They are not your friend.

I never thought this would happen, but I think I recently read two articles that stresses the role shareholders (or investors) play in our inequality. I saved one of the articles but apparently, I didn’t save the other. Now, the articles didn’t directly say that investors play a role in the growing inequality, but I think it’s implied.

I must have been in college when I first thought “shareholders are not your friend”. I was reading an article about some company laying off its employees and the stock price jumped upward upon announcement of that action. These employees form your marketplace so if you cut off their source of income, you lose them as buying customers because they don’t have the money. Taking layoffs to its extreme, those cost-cutting measures would weaken the marketplace and companies would start to die off from lack of paying customers.

That was my thinking at the time, and it really hasn’t changed although the news no longer report that stock prices rise upon layoff announcement. Or maybe I have become so inured to the story plot that I no longer read it and note it.

I know that in my early days of working, the common mantra was “shareholder value”. Shareholder value, shareholder value, shareholder value. One time, after a series of layoffs, the CEO said something like, “Okay, now let’s get back to work to provide value for our shareholders.”

Ugh. Picture that emoticon with the green vomit.

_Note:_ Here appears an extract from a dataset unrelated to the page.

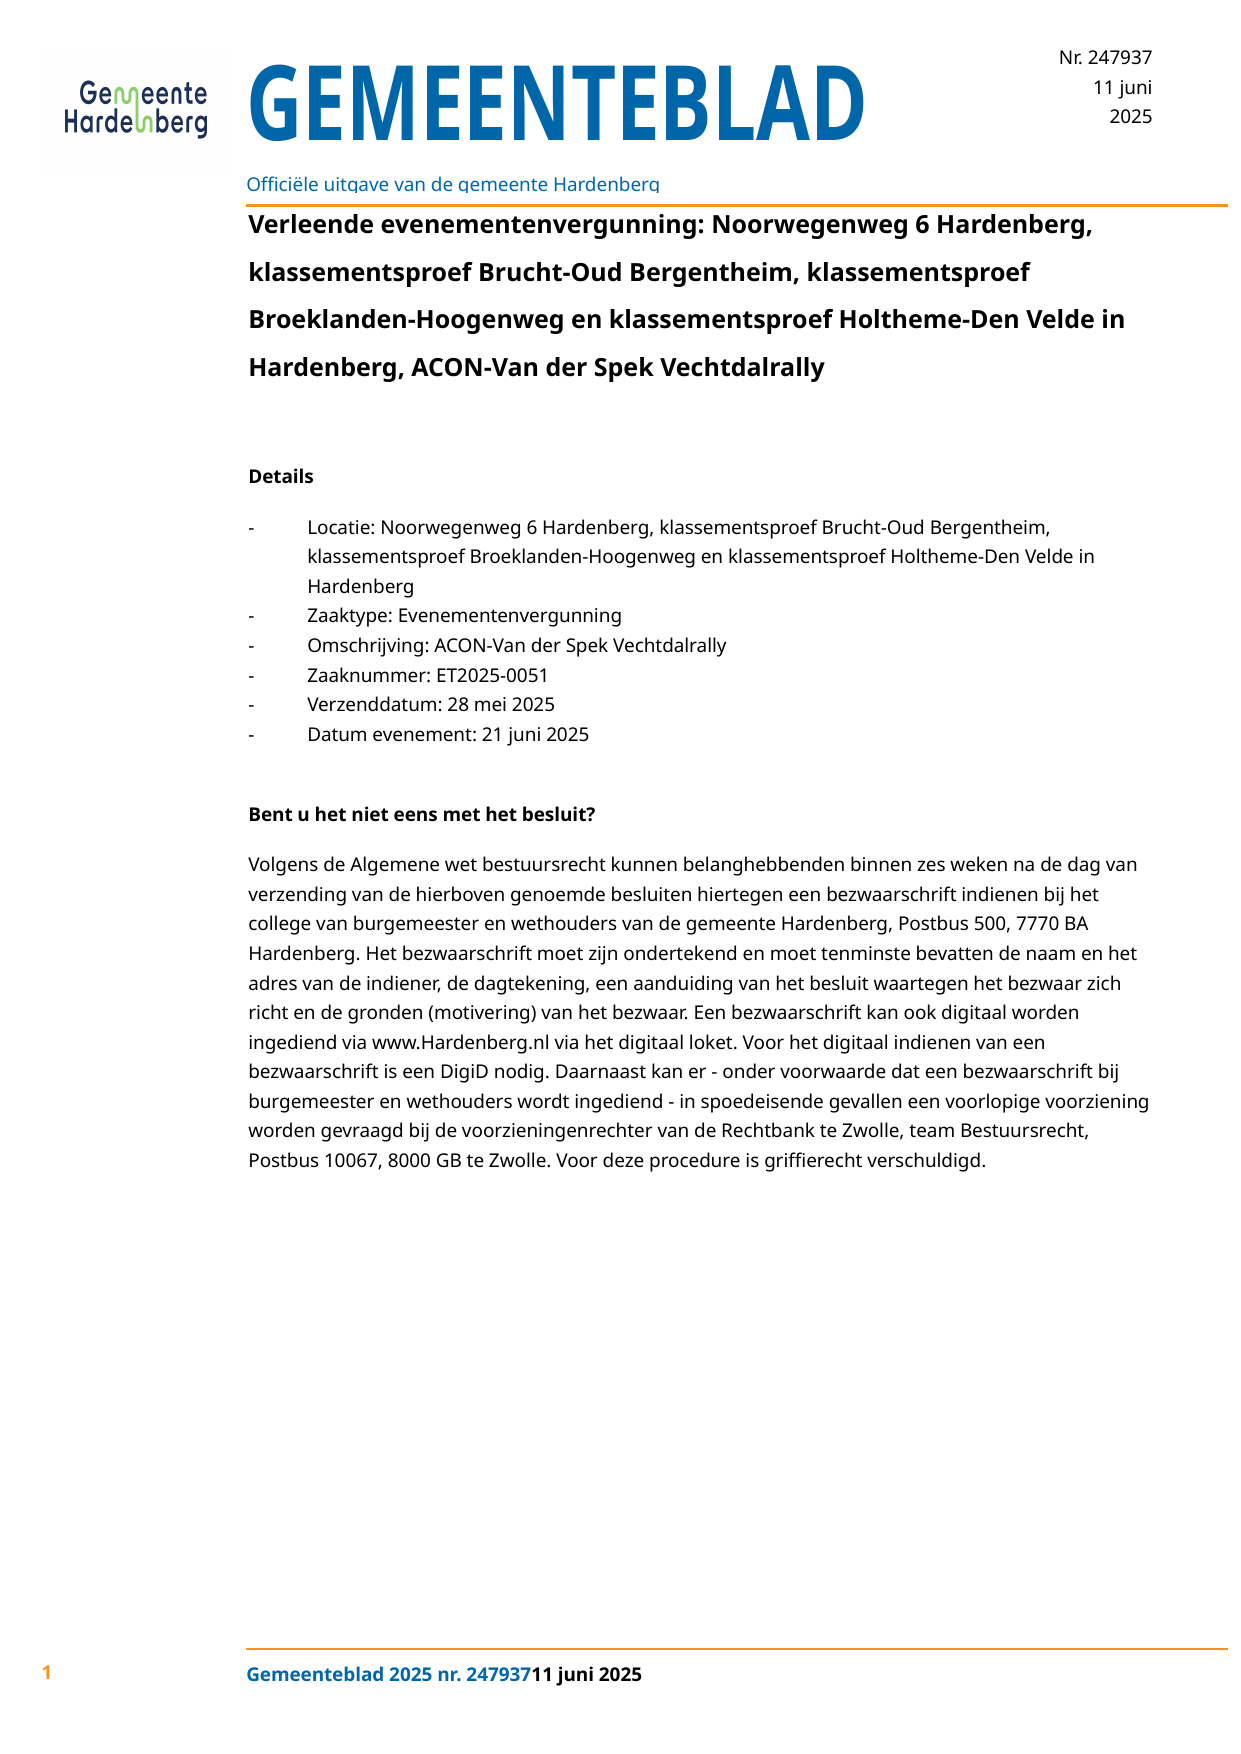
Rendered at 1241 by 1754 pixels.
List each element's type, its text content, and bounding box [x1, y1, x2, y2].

So I went through periods where everything was about the shareholders with bad Al Dunlap type behaviors, constant cost cutting and layoffs. Until sometime in the 2000s, after the Enron debacle in 2001, the shareholder mantra quietly slipped away.

I didn’t realize it the time, but the news and executives did not talk as much about shareholder value. That didn’t mean the shareholder primacy was gone; no, we still had the cost cutting.

Or, it could be that I had managed to jump to a company whose focus was more on the customers and executives did not harangue us about making money for the shareholders.

Then 2008 happened and the topic slowly turned to the “evils of capitalism”. I think that was the sentiment. We had the “Occupy Wall Street” which probably did not view capitalism in a positive light. It was also after 2008 that I first learned about the Milton Friedman New York Times articles in the 70’s that infamously laid out the philosophy that the sole concern for businesses was to maximize profits, not caring about community or society. I might have had this as part of my readings when I was pursuing my MBA but it didn’t register.

In addition, it was after 2008 that I learned about the disconnect between productivity and income that occurred after the 80s. The theory was that the more productive society is, the higher the wages, but that relationship was cut in the 80s.

The gains from the productivity increase went to …you guessed it…to the shareholders. They captured practically all of the productive gains.

Then in 2017, Business Roundtable put out a stakeholder capitalism statement whereas businesses should not focus just on the shareholders but should include customers, community, society, employees, suppliers. The stakeholders in the business.

I was thinking, they still don’t get that the shareholder is a big part of the problem. They drive the behaviors of the CEOs and senior executives. But I thought stakeholder capitalism was a move in the right direction so I was happy for that change.

It was just only recently that I read something that discussed the role of shareholders driving the corporate cost cutting mania. I found only one article is my “file folder” where I keep articles to pull up when I want to review.

The article that I have in my “file folder” is about STEM and how STEM is a poor investment. Apparently, graduates in STEM fields eventually work in non-STEM positions or field. Curiously, over the long-term, there is no salary advantage.

The author posits that the reason for students going elsewhere is because (boldface and italics are mine):

“Employers, and the investors who drive their behavior, depress the national returns on STEM education investments.”

LA Times, “Opinion: Why pushing STEM majors is turning out to be a terrible investment”, John D. Skrentny, 1/9/2024

Bingo! I perked up at that. The first sign that maybe some people are realizing that the investors are driving the boat.

There is a couple of very interesting points about our capitalism (“burn and churn” management, threat of layoffs, investors demanding cost reductions, etc.) but the last paragraph of the article was the most interesting:

“But investors repeatedly reward employers for treating STEM grads like fast fashion — discarded when broken or no longer appealing — or for deploying STEM skills in lucrative yet harmful business models. A better return on STEM education will require corporations to move away from maximizing short-term shareholder value and consider more stakeholders and moral limits on money making.”

LA Times, “Opinion: Why pushing STEM majors is turning out to be a terrible investment”, John D. Skrentny, 1/9/2024

So, I’m going to be on the lookout for more such articles, if they do come out. Not sure if this is a start of a new thinking. Only time will tell.